*** Begin section ***

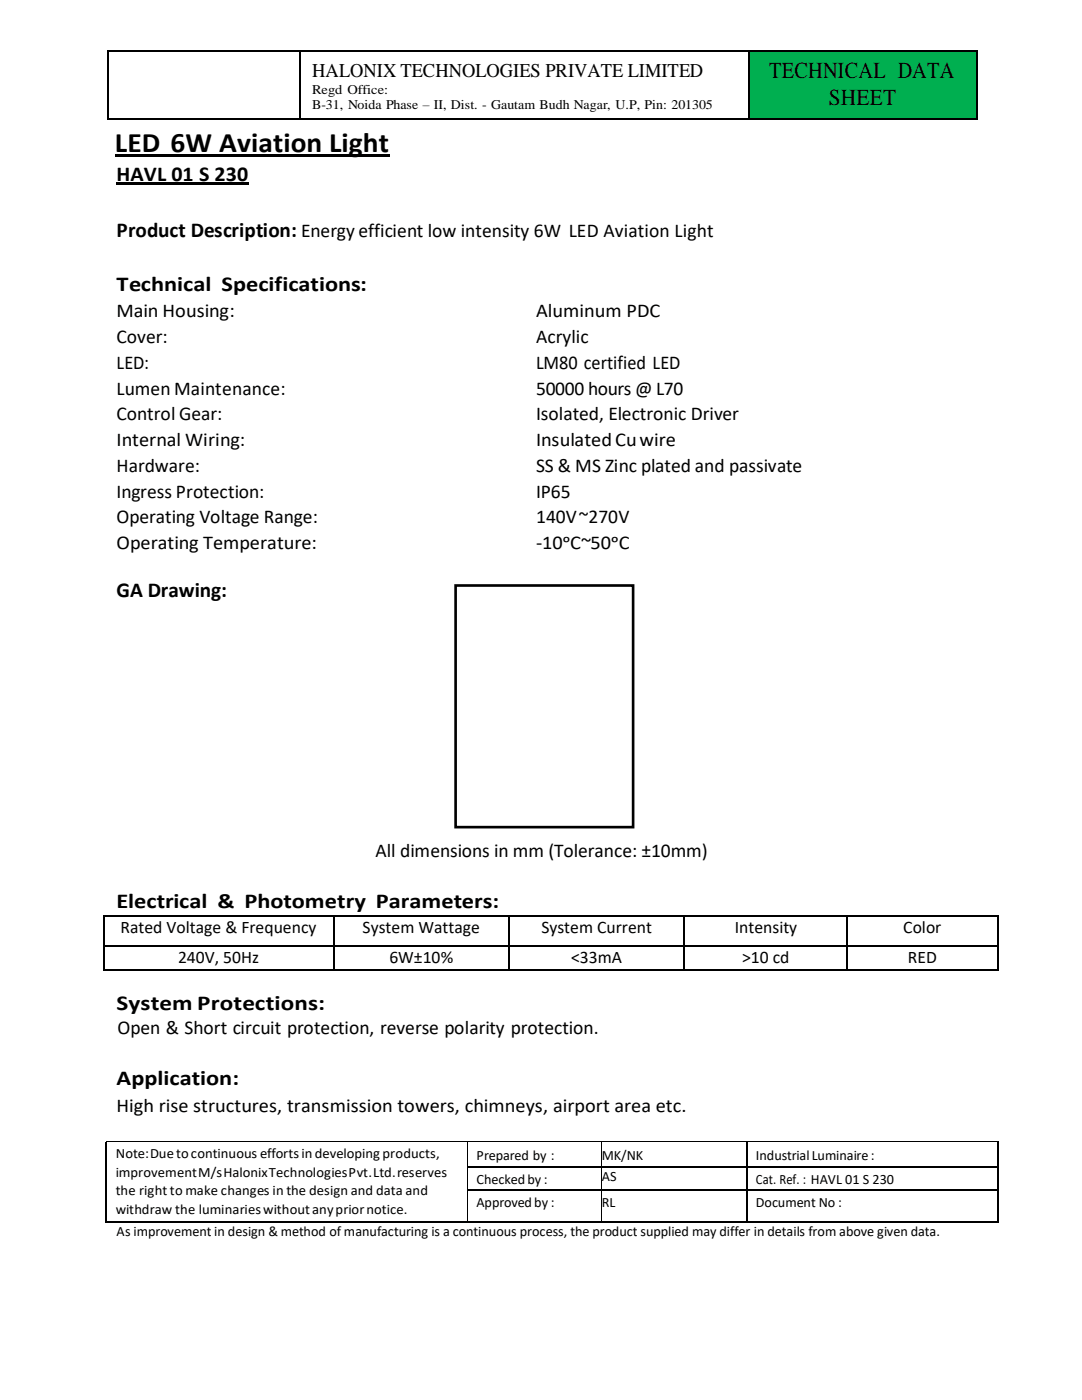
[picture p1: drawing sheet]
<svg xmlns="http://www.w3.org/2000/svg" width="216mm" height="279mm" viewBox="0 0 216 279" stroke-linecap="round" stroke-linejoin="round" font-family="sans-serif">
<defs><g id="words">
<text font-size="5.6" x="22.9" y="30.4">LED 6W Aviation Light</text>
<g font-size="4.6">
<text x="153.5" y="15.6">TECHNICAL DATA</text>
<text x="165.4" y="21">SHEET</text>
</g>
<g font-size="4.2">
<text x="23.2" y="36.2">HAVL 01 S 230</text>
<text x="23.2" y="47.3">Product Description: Energyefficient low intensity 6W LED Aviation Light</text>
<text x="23.2" y="58.1">Technical Specifications:</text>
<text x="23.2" y="119.1">GA Drawing:</text>
<text x="23.2" y="181.2">Electrical &amp; Photometry Parameters:</text>
<text x="23.2" y="201.6">System Protections:</text>
<text x="23.2" y="216.6">Application:</text>
</g>
<g font-size="3.9">
<text x="62.3" y="15.3">HALONIX TECHNOLOGIES PRIVATE LIMITED</text>
<text x="23.2" y="63.3">Main Housing:</text>
<text x="107" y="63.3">Aluminum PDC</text>
<text x="23.2" y="68.5">Cover:</text>
<text x="107" y="68.5">Acrylic</text>
<text x="23.2" y="73.6">LED:</text>
<text x="107" y="73.6">LM80 certified LED</text>
<text x="23.2" y="78.7">Lumen Maintenance:</text>
<text x="23.2" y="83.9">Control Gear:</text>
<text x="107" y="78.7">50000 hours @ L70</text>
<text x="107" y="83.9">Isolated, Electronic Driver</text>
<text x="23.2" y="89.1">Internal Wiring:</text>
<text x="107" y="89.1">InsulatedCuwire</text>
<text x="23.2" y="94.2">Hardware:</text>
<text x="107" y="94.2">SS &amp; MS Zinc plated and passivate</text>
<text x="23.2" y="99.3">Ingress Protection:</text>
<text x="107" y="99.3">IP65</text>
<text x="23.2" y="104.5">Operating Voltage Range:</text>
<text x="107" y="104.5">140V~270V</text>
<text x="23.2" y="109.6">Operating Temperature:</text>
<text x="107" y="109.6">-10ᵒC~50ᵒC</text>
<text x="74.9" y="171">All dimensions in mm (Tolerance: ±10mm)</text>
<text x="23.5" y="206.4">Open &amp; Short circuit protection, reverse polarity protection.</text>
<text x="23.2" y="221.9">High rise structures, transmission towers, chimneys, airport area etc.</text>
</g>
<g font-size="3.5">
<text x="24.1" y="186.2">Rated Voltage &amp; Frequency</text>
<text x="72.4" y="186.2">System Wattage</text>
<text x="108" y="186.2">System Current</text>
<text x="146.6" y="186.2">Intensity</text>
<text x="180.2" y="186.2">Color</text>
<text x="35.5" y="192.3">240V, 50Hz</text>
<text x="77.7" y="192.3">6W±10%</text>
<text x="114" y="192.3">&lt;33mA</text>
<text x="148.1" y="192.3">&gt;10 cd</text>
<text x="181.2" y="192.3">RED</text>
</g>
<g font-size="2.8">
<text x="23.1" y="231.2">Note:Duetocontinuous effortsin developing products,</text>
<text x="95.1" y="231.5">Prepared by :</text>
<text x="120.1" y="231.5">MK/NK</text>
<text x="150.8" y="231.5">IndustrialLuminaire:</text>
<text x="23.1" y="234.9">improvementM/sHalonixTechnologiesPvt.Ltd.reserves</text>
<text x="23.1" y="238.5">the right to make changes in the design and data and</text>
<text x="95.1" y="236.4">Checkedby :</text>
<text x="120.1" y="235.7">AS</text>
<text x="150.8" y="236.4">Cat. Ref. : HAVL 01 S 230</text>
<text x="23.1" y="242.2">withdraw the luminarieswithoutanypriornotice.</text>
<text x="95.1" y="241">Approvedby :</text>
<text x="120.1" y="241">RL</text>
<text x="150.8" y="241">Document No :</text>
<text x="23.2" y="246.6">As improvement in design &amp; method of manufacturing is a continuous process, the product supplied may differ in details from above given data.</text>
</g>
<g font-size="2.7">
<text x="62.3" y="18.7">Regd Office:</text>
<text x="62.3" y="21.7">B-31, Noida Phase – II, Dist. - Gautam Budh Nagar, U.P, Pin: 201305</text>
</g>
</g></defs>
<g fill="#00af50">
<path d="M149.6 10.3h45.2v13.4h-45.2z" fill-rule="evenodd"/>
<path d="M149.6 10.3h45.2v6.5h-45.2z" fill-rule="evenodd"/>
<path d="M149.6 16.8h45.2v5.3h-45.2z" fill-rule="evenodd"/>
</g>
<g fill="#000">
<path d="M21.4 10.1h.2v.2h-.2z" fill-rule="evenodd"/>
<path d="M21.4 10.1h.2v.2h-.2z" fill-rule="evenodd"/>
<path d="M59.7 10.1h.3v.2h-.3z" fill-rule="evenodd"/>
<path d="M149.3 10.1h.3v.2h-.3z" fill-rule="evenodd"/>
<path d="M194.9 10.1h.2v.2h-.2z" fill-rule="evenodd"/>
<path d="M194.9 10.1h.2v.2h-.2z" fill-rule="evenodd"/>
<path d="M21.4 23.7h.2v.3h-.2z" fill-rule="evenodd"/>
<path d="M21.4 23.7h.2v.3h-.2z" fill-rule="evenodd"/>
<path d="M22.9 30.7h54.8v.6h-54.8z" fill-rule="evenodd"/>
<path d="M23.2 36.5h26.4v.5h-26.4z" fill-rule="evenodd"/>
<path d="M59.7 23.7h.3v.3h-.3z" fill-rule="evenodd"/>
<path d="M149.3 23.7h.3v.3h-.3z" fill-rule="evenodd"/>
<path d="M194.9 23.7h.2v.3h-.2z" fill-rule="evenodd"/>
<path d="M194.9 23.7h.2v.3h-.2z" fill-rule="evenodd"/>
<path d="M20.6 182.6h.2v.2h-.2z" fill-rule="evenodd"/>
<path d="M20.6 182.6h.2v.2h-.2z" fill-rule="evenodd"/>
<path d="M20.6 188.7h.2v.2h-.2z" fill-rule="evenodd"/>
<path d="M20.6 193.4h.2v.2h-.2z" fill-rule="evenodd"/>
<path d="M20.6 193.4h.2v.2h-.2z" fill-rule="evenodd"/>
<path d="M66.5 182.6h.2v.2h-.2z" fill-rule="evenodd"/>
<path d="M66.5 188.7h.2v.2h-.2z" fill-rule="evenodd"/>
<path d="M66.5 193.4h.2v.2h-.2z" fill-rule="evenodd"/>
<path d="M101.4 182.6h.3v.2h-.3z" fill-rule="evenodd"/>
<path d="M101.4 188.7h.3v.2h-.3z" fill-rule="evenodd"/>
<path d="M101.4 193.4h.3v.2h-.3z" fill-rule="evenodd"/>
<path d="M136.5 182.6h.2v.2h-.2z" fill-rule="evenodd"/>
<path d="M136.5 188.7h.2v.2h-.2z" fill-rule="evenodd"/>
<path d="M136.5 193.4h.2v.2h-.2z" fill-rule="evenodd"/>
<path d="M169 182.6h.2v.2h-.2z" fill-rule="evenodd"/>
<path d="M169 188.7h.2v.2h-.2z" fill-rule="evenodd"/>
<path d="M169 193.4h.2v.2h-.2z" fill-rule="evenodd"/>
<path d="M199 182.6h.2v.2h-.2z" fill-rule="evenodd"/>
<path d="M199 182.6h.2v.2h-.2z" fill-rule="evenodd"/>
<path d="M199 188.7h.2v.2h-.2z" fill-rule="evenodd"/>
<path d="M199 193.4h.2v.2h-.2z" fill-rule="evenodd"/>
<path d="M199 193.4h.2v.2h-.2z" fill-rule="evenodd"/>
<path d="M21.1 232.9h.2v.2h-.2z" fill-rule="evenodd"/>
<path d="M21.1 237.5h.2v.2h-.2z" fill-rule="evenodd"/>
<path d="M93.2 227.8h.2v.2h-.2z" fill-rule="evenodd"/>
<path d="M93.2 232.9h.2v.2h-.2z" fill-rule="evenodd"/>
<path d="M93.2 237.5h.2v.2h-.2z" fill-rule="evenodd"/>
<path d="M119.9 227.8h.2v.2h-.2z" fill-rule="evenodd"/>
<path d="M119.9 232.9h.2v.2h-.2z" fill-rule="evenodd"/>
<path d="M119.9 237.5h.2v.2h-.2z" fill-rule="evenodd"/>
<path d="M148.9 227.8h.2v.2h-.2z" fill-rule="evenodd"/>
<path d="M148.9 232.9h.2v.2h-.2z" fill-rule="evenodd"/>
<path d="M148.9 237.5h.2v.2h-.2z" fill-rule="evenodd"/>
<path d="M199 227.8h.2v.2h-.2z" fill-rule="evenodd"/>
<path d="M199 232.9h.2v.2h-.2z" fill-rule="evenodd"/>
<path d="M199 237.5h.2v.2h-.2z" fill-rule="evenodd"/>
<path d="M21.1 243.7h.2v.3h-.2z" fill-rule="evenodd"/>
<path d="M21.1 243.7h.2v.3h-.2z" fill-rule="evenodd"/>
<path d="M93.2 243.7h.2v.3h-.2z" fill-rule="evenodd"/>
<path d="M119.9 243.7h.2v.3h-.2z" fill-rule="evenodd"/>
<path d="M148.9 243.7h.2v.3h-.2z" fill-rule="evenodd"/>
<path d="M199 243.7h.2v.3h-.2z" fill-rule="evenodd"/>
<path d="M199 243.7h.2v.3h-.2z" fill-rule="evenodd"/>
</g>
<path d="M21.5 10.3v13.4M21.6 10.2h38.1M59.8 10.3v13.4M60 10.2h89.3M149.6 10.2h45.3M195 10.3v13.4M21.6 23.8h38.1M60 23.8h89.3M149.6 23.8h45.3" fill="none" stroke="#000" stroke-width=".25"/>
<path d="M149.5 10.3v13.4" fill="none" stroke="#000" stroke-width=".26"/>
<g fill="none" stroke="#000" stroke-width=".21">
<path d="M20.7 182.8v5.9M20.7 188.9v4.5M20.8 182.7h45.7M20.8 188.8h45.7M20.8 193.5h45.7M66.6 182.8v5.9M66.6 188.9v4.5M66.7 182.7h34.7M66.7 188.8h34.7M66.7 193.5h34.7M101.6 182.8v5.9M101.6 188.9v4.5"/>
<path d="M101.7 182.7h34.8M101.7 188.8h34.8M101.7 193.5h34.8M136.6 182.8v5.9M136.6 188.9v4.5M136.7 182.7h32.3M136.7 188.8h32.3M136.7 193.5h32.3M169.1 182.8v5.9M169.1 188.9v4.5M169.2 182.7h29.8M169.2 188.8h29.8"/>
<path d="M169.2 193.5h29.8M199.1 182.8v5.9M199.1 188.9v4.5M21.2 228v4.9M21.2 233.1v4.4M21.2 237.7v6M93.4 233h26.5M93.4 237.6h26.5M120.1 233h28.8M120.1 237.6h28.8M149 228v4.9M149 233.1v4.4"/>
<path d="M149 237.7v6M149.1 233h49.9M149.1 237.6h49.9M199.1 228v4.9M199.1 233.1v4.4M199.1 237.7v6M21.3 243.9h71.9M93.4 243.9h26.5M120.1 243.9h28.8M149.1 243.9h49.9"/>
</g>
<path d="M21.1 227.9h72.1M93.3 228v4.9M93.3 233.1v4.4M93.3 237.7v6M93.4 227.9h26.5M120 228v4.9M120 233.1v4.4M120 237.7v6M120.1 227.9h28.8M149.1 227.9h49.9" fill="none" stroke="#000" stroke-width=".2"/>
<path d="M90.9 116.9h35.4v48.2h-35.4z" fill="none" stroke="#000" stroke-width=".53"/>
<use href="#words"/>
</svg>

*** End section ***

> **Exercise aim**
Your reply is to repeat, unchanged, the lines above running from the one with "mm (Tolerance: ±10mm)</text>" up to and including the one with "U.P, Pin: 201305</text>".

> **Reply**
<text x="74.9" y="171">All dimensions in mm (Tolerance: ±10mm)</text>
<text x="23.5" y="206.4">Open &amp; Short circuit protection, reverse polarity protection.</text>
<text x="23.2" y="221.9">High rise structures, transmission towers, chimneys, airport area etc.</text>
</g>
<g font-size="3.5">
<text x="24.1" y="186.2">Rated Voltage &amp; Frequency</text>
<text x="72.4" y="186.2">System Wattage</text>
<text x="108" y="186.2">System Current</text>
<text x="146.6" y="186.2">Intensity</text>
<text x="180.2" y="186.2">Color</text>
<text x="35.5" y="192.3">240V, 50Hz</text>
<text x="77.7" y="192.3">6W±10%</text>
<text x="114" y="192.3">&lt;33mA</text>
<text x="148.1" y="192.3">&gt;10 cd</text>
<text x="181.2" y="192.3">RED</text>
</g>
<g font-size="2.8">
<text x="23.1" y="231.2">Note:Duetocontinuous effortsin developing products,</text>
<text x="95.1" y="231.5">Prepared by :</text>
<text x="120.1" y="231.5">MK/NK</text>
<text x="150.8" y="231.5">IndustrialLuminaire:</text>
<text x="23.1" y="234.9">improvementM/sHalonixTechnologiesPvt.Ltd.reserves</text>
<text x="23.1" y="238.5">the right to make changes in the design and data and</text>
<text x="95.1" y="236.4">Checkedby :</text>
<text x="120.1" y="235.7">AS</text>
<text x="150.8" y="236.4">Cat. Ref. : HAVL 01 S 230</text>
<text x="23.1" y="242.2">withdraw the luminarieswithoutanypriornotice.</text>
<text x="95.1" y="241">Approvedby :</text>
<text x="120.1" y="241">RL</text>
<text x="150.8" y="241">Document No :</text>
<text x="23.2" y="246.6">As improvement in design &amp; method of manufacturing is a continuous process, the product supplied may differ in details from above given data.</text>
</g>
<g font-size="2.7">
<text x="62.3" y="18.7">Regd Office:</text>
<text x="62.3" y="21.7">B-31, Noida Phase – II, Dist. - Gautam Budh Nagar, U.P, Pin: 201305</text>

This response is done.